* **Task**
Nothing in the data is to be left out; copy it exactly.

Material shown: Begin

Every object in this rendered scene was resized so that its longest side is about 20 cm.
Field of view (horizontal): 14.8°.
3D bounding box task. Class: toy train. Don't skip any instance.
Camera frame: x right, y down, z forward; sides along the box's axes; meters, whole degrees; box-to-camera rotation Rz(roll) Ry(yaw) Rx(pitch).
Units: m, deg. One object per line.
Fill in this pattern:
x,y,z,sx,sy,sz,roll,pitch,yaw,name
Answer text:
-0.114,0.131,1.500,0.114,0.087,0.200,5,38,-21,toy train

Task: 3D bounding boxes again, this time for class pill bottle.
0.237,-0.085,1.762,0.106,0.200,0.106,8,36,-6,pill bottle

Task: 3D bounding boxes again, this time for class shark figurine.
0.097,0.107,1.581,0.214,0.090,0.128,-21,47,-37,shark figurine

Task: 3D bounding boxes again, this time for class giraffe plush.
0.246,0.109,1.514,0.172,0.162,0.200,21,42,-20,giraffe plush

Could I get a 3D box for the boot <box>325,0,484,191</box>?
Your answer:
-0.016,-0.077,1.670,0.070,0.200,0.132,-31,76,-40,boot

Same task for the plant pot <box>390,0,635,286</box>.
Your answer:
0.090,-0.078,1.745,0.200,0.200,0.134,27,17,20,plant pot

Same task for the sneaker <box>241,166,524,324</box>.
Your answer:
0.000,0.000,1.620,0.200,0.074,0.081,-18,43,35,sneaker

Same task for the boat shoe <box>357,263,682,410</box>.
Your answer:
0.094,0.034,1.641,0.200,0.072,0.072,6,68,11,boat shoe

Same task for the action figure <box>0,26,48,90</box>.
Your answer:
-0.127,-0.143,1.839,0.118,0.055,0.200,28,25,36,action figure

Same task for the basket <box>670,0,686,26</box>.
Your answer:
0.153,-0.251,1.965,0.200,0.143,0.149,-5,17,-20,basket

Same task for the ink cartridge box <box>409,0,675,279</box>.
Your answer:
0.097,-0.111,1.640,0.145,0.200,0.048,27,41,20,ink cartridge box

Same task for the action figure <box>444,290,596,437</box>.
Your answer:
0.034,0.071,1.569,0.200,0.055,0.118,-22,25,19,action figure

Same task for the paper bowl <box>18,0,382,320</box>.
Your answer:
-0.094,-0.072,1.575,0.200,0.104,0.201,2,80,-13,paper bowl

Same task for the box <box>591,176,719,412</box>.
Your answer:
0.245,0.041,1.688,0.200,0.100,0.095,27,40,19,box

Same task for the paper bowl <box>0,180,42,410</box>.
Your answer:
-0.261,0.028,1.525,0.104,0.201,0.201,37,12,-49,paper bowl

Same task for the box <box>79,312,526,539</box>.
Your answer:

Material shown: End

* **Worked solution**
Every object in this rendered scene was resized so that its longest side is about 20 cm.
Field of view (horizontal): 14.8°.
3D bounding box task. Class: toy train. Don't skip any instance.
Camera frame: x right, y down, z forward; sides along the box's axes; meters, whole degrees; box-to-camera rotation Rz(roll) Ry(yaw) Rx(pitch).
Units: m, deg. One object per line.
Fill in this pattern:
x,y,z,sx,sy,sz,roll,pitch,yaw,name
Answer text:
-0.114,0.131,1.500,0.114,0.087,0.200,5,38,-21,toy train

Task: 3D bounding boxes again, this time for class pill bottle.
0.237,-0.085,1.762,0.106,0.200,0.106,8,36,-6,pill bottle

Task: 3D bounding boxes again, this time for class shark figurine.
0.097,0.107,1.581,0.214,0.090,0.128,-21,47,-37,shark figurine

Task: 3D bounding boxes again, this time for class giraffe plush.
0.246,0.109,1.514,0.172,0.162,0.200,21,42,-20,giraffe plush

Could I get a 3D box for the boot <box>325,0,484,191</box>?
Your answer:
-0.016,-0.077,1.670,0.070,0.200,0.132,-31,76,-40,boot

Same task for the plant pot <box>390,0,635,286</box>.
Your answer:
0.090,-0.078,1.745,0.200,0.200,0.134,27,17,20,plant pot

Same task for the sneaker <box>241,166,524,324</box>.
Your answer:
0.000,0.000,1.620,0.200,0.074,0.081,-18,43,35,sneaker

Same task for the boat shoe <box>357,263,682,410</box>.
Your answer:
0.094,0.034,1.641,0.200,0.072,0.072,6,68,11,boat shoe

Same task for the action figure <box>0,26,48,90</box>.
Your answer:
-0.127,-0.143,1.839,0.118,0.055,0.200,28,25,36,action figure

Same task for the basket <box>670,0,686,26</box>.
Your answer:
0.153,-0.251,1.965,0.200,0.143,0.149,-5,17,-20,basket

Same task for the ink cartridge box <box>409,0,675,279</box>.
Your answer:
0.097,-0.111,1.640,0.145,0.200,0.048,27,41,20,ink cartridge box

Same task for the action figure <box>444,290,596,437</box>.
Your answer:
0.034,0.071,1.569,0.200,0.055,0.118,-22,25,19,action figure

Same task for the paper bowl <box>18,0,382,320</box>.
Your answer:
-0.094,-0.072,1.575,0.200,0.104,0.201,2,80,-13,paper bowl

Same task for the box <box>591,176,719,412</box>.
Your answer:
0.245,0.041,1.688,0.200,0.100,0.095,27,40,19,box

Same task for the paper bowl <box>0,180,42,410</box>.
Your answer:
-0.261,0.028,1.525,0.104,0.201,0.201,37,12,-49,paper bowl

Same task for the box <box>79,312,526,539</box>.
Your answer:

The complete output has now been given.